Atualmente, há pelo menos nove inquéritos civis investigando possíveis casos de burla aos planos de imunização em municípios catarinenses. O inquérito civil significa que as suspeitas levadas ao conhecimento do Ministério Público, após as apurações iniciais, apresentaram indícios suficientes de irregularidades para que fosse instaurado esse tipo de procedimento investigatório para a coleta de mais provas, por meio de documentos e depoimentos de testemunhas e mesmo de eventuais envolvidos mas possíveis ilegalidades.

Os problemas constados nessa fase podem ser solucionados mediante soluções extrajudiciais, como recomendações, ajustamentos de conduta ou acordos de não persecução civil ou criminal. Caso não haja uma resolução consensual, como as citadas anteriormente, o inquérito evolui para uma ação judicial civil ou penal.

Esses inquéritos apuram situações como o uso do cargo por autoridades para se beneficiar ou beneficiar pessoas próximas com a aplicação da vacina sem que pertencessem aos grupos prioritários de cada fase; a inclusão de segmentos profissionais ou setores nas fases de vacinação fora das especificações do PNI; a inclusão de pessoas na relação de profissionais ou categorias que poderiam receber a vacina, mesmo quando essas pessoas não se enquadravam nos critérios definidos no planos de imunização; a falta de transparência na distribuição das doses e na definição do calendário de vacinação; a distribuição de doses a funcionários, sócios ou parentes de donos de clínicas particulares que prestam, serviços de saúde ao município; entre outras eventuais irregularidades.

Os inquéritos em andamento apuram casos suspeitos nas comarcas de Biguaçu, Chapecó, Joaçaba, Lages, Papanduva, Quilombo, São Joaquim, São José do Cedro, Sombrio, Videira e Xaxim. Por se tratar de investigações, mais informações sobre cada caso não serão fornecidas neste momento.

Em três casos, os inquéritos civis foram arquivados.

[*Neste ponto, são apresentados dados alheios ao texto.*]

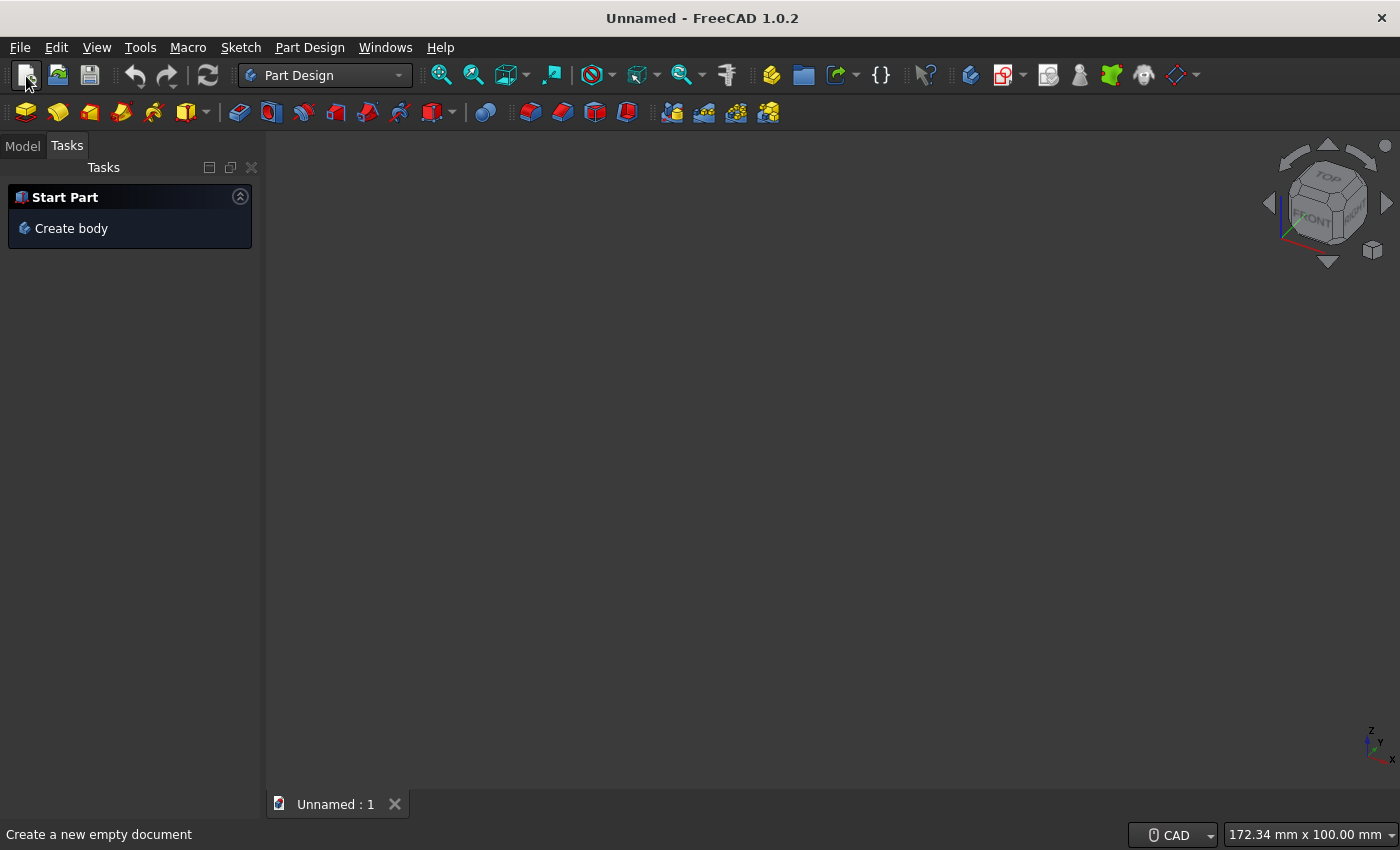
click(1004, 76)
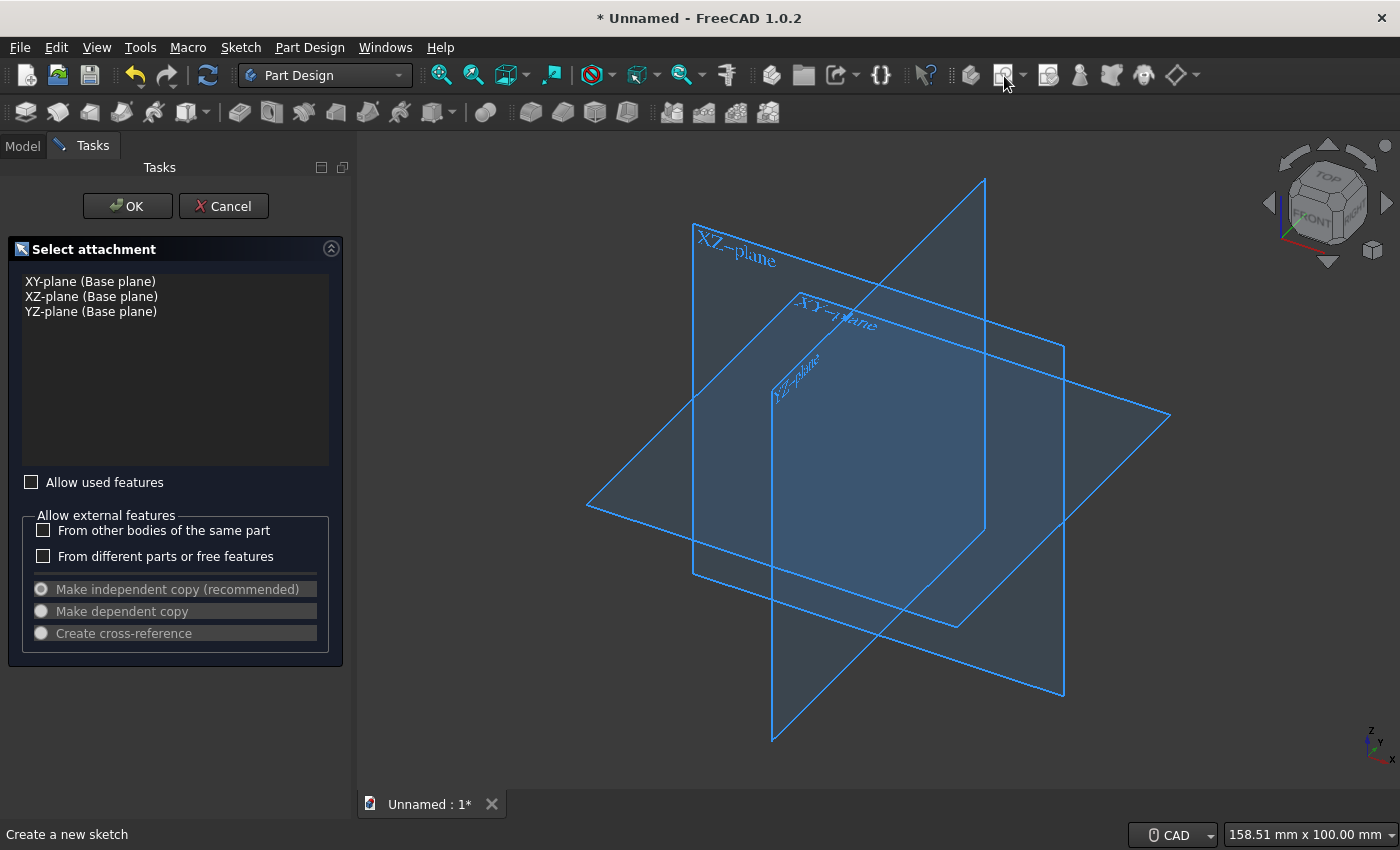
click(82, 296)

Recomendações e soluções extrajudiciais

Em pelo menos 10 comarcas, que abrangem 35 municípios, a atuação do Ministério Público, após o conhecimento de situações suspeitas em relação à aplicação das vacinas, foi resolvida por meio de 16 recomendações, uma atuação extrajudicial das Promotorias de Justiça. A maior parte das recomendações apontou às autoridades municipais providências para dar maior transparência ao calendário de distribuição das doses, para corrigir as normas locais que definem os públicos prioritários ou prevenir medidas que pudessem facilitar ou proporcionar casos de fura-fila.

As comarcas com pelo menos uma recomendação acatada pelas autoridades municipais são Chapecó, Itapema, Presidente Getúlio, Quilombo, Rio do Oeste, São Carlos,São Joaquim, São Miguel do Oeste, Seara e Videira.